Time 20 19-02-0 1? 3: 30 p.m.
Lecturer Liu
Venue: Audio-visual classroom on the fourth floor
Data cleaning is the key link of data governance, which refers to the process of reviewing, verifying and processing the obtained original data (also known as "dirty data"), with the purpose of deleting duplicate information, correcting erroneous information and maintaining data consistency.
Generally speaking, data cleaning is mainly to debug, empty and rework data.
For the data table containing name, ID number and license plate number, the error correction rules are established as follows:
1. The license plate number contains neither gan nor rao.
2. The year of ID number is neither equal to 19 nor equal to 20, the month of ID number is greater than 12, and the date of ID number is greater than 3 1.
3. The digits of the ID number are not equal to 18.
4. Name length is less than or equal to 1.
Second, go empty.
For key data, it is not allowed to be empty.

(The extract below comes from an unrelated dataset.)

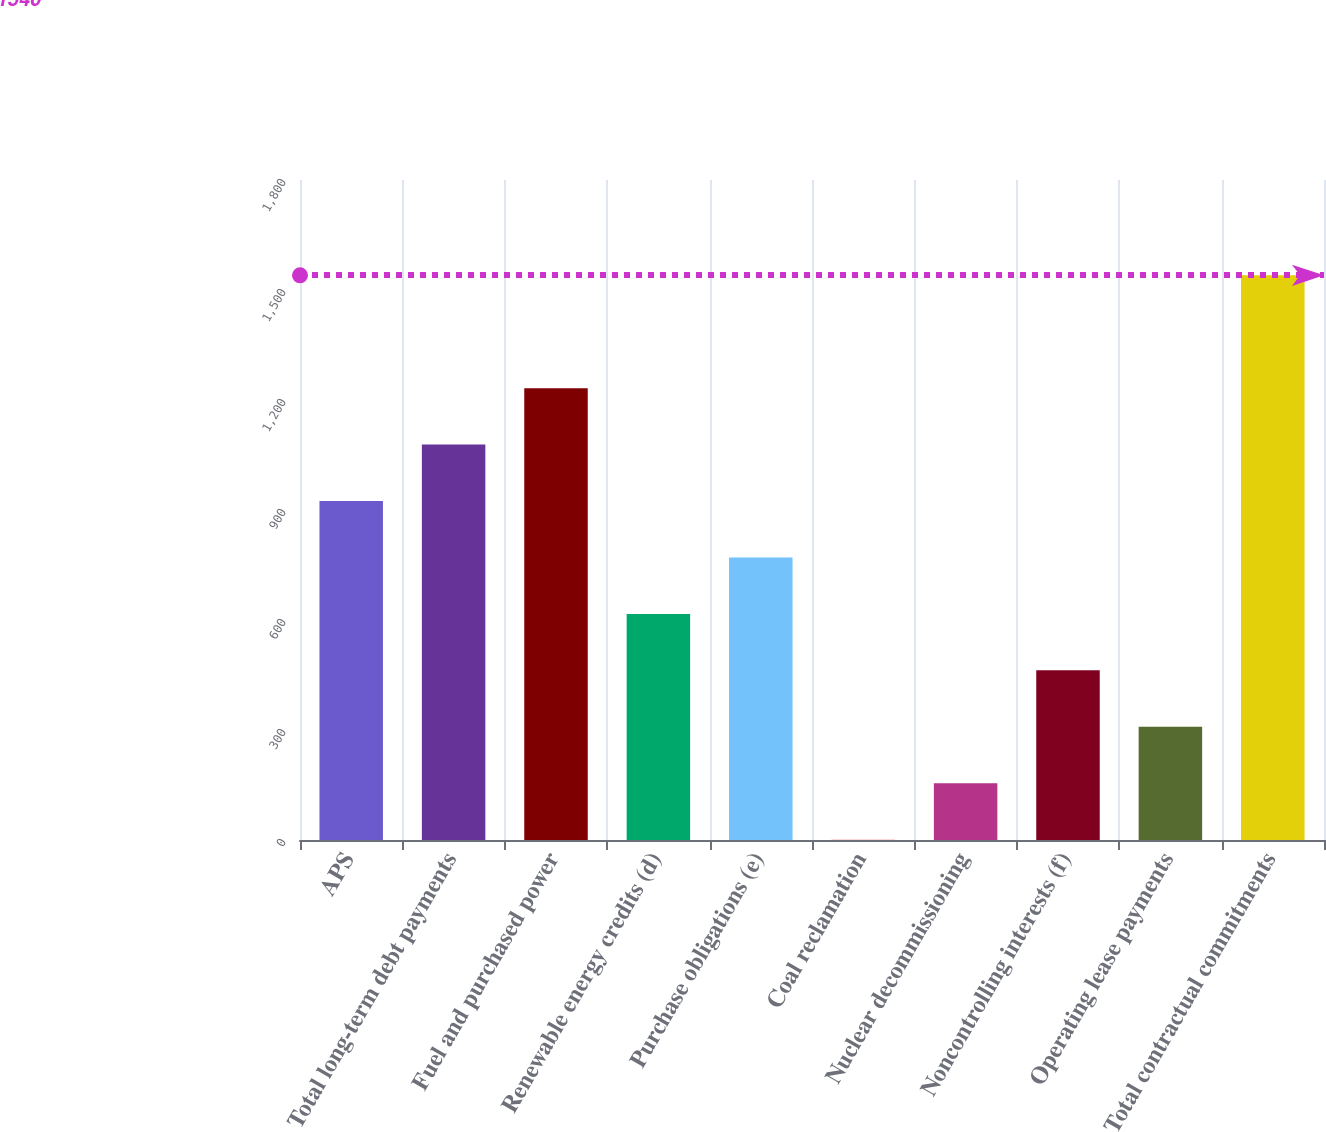<chart> <loc_0><loc_0><loc_500><loc_500><bar_chart><fcel>APS<fcel>Total long-term debt payments<fcel>Fuel and purchased power<fcel>Renewable energy credits (d)<fcel>Purchase obligations (e)<fcel>Coal reclamation<fcel>Nuclear decommissioning<fcel>Noncontrolling interests (f)<fcel>Operating lease payments<fcel>Total contractual commitments<nl><fcel>924.4<fcel>1078.3<fcel>1232.2<fcel>616.6<fcel>770.5<fcel>1<fcel>154.9<fcel>462.7<fcel>308.8<fcel>1540<nl></chart>

For this kind of data, it is necessary to query whether there is a null value.
Third, go to weight.
In a table, some data columns are allowed to repeat, while others are not. For example, in an owner information form, the name and ID number can be repeated, because there are cases where one person registers multiple cars, and this repetition cannot be considered as an error. However, the license plate number cannot be duplicated, otherwise there will be business logic errors. So for the license plate number data column, you need to copy it.
Duplicate data can be listed by the following SQL statement:
To sum up, data cleaning should not only understand the technology, but also understand the business, otherwise the cleaning rules cannot be formulated correctly, which leads to the data cleaning becoming a mere formality and the cleaning effect cannot be achieved.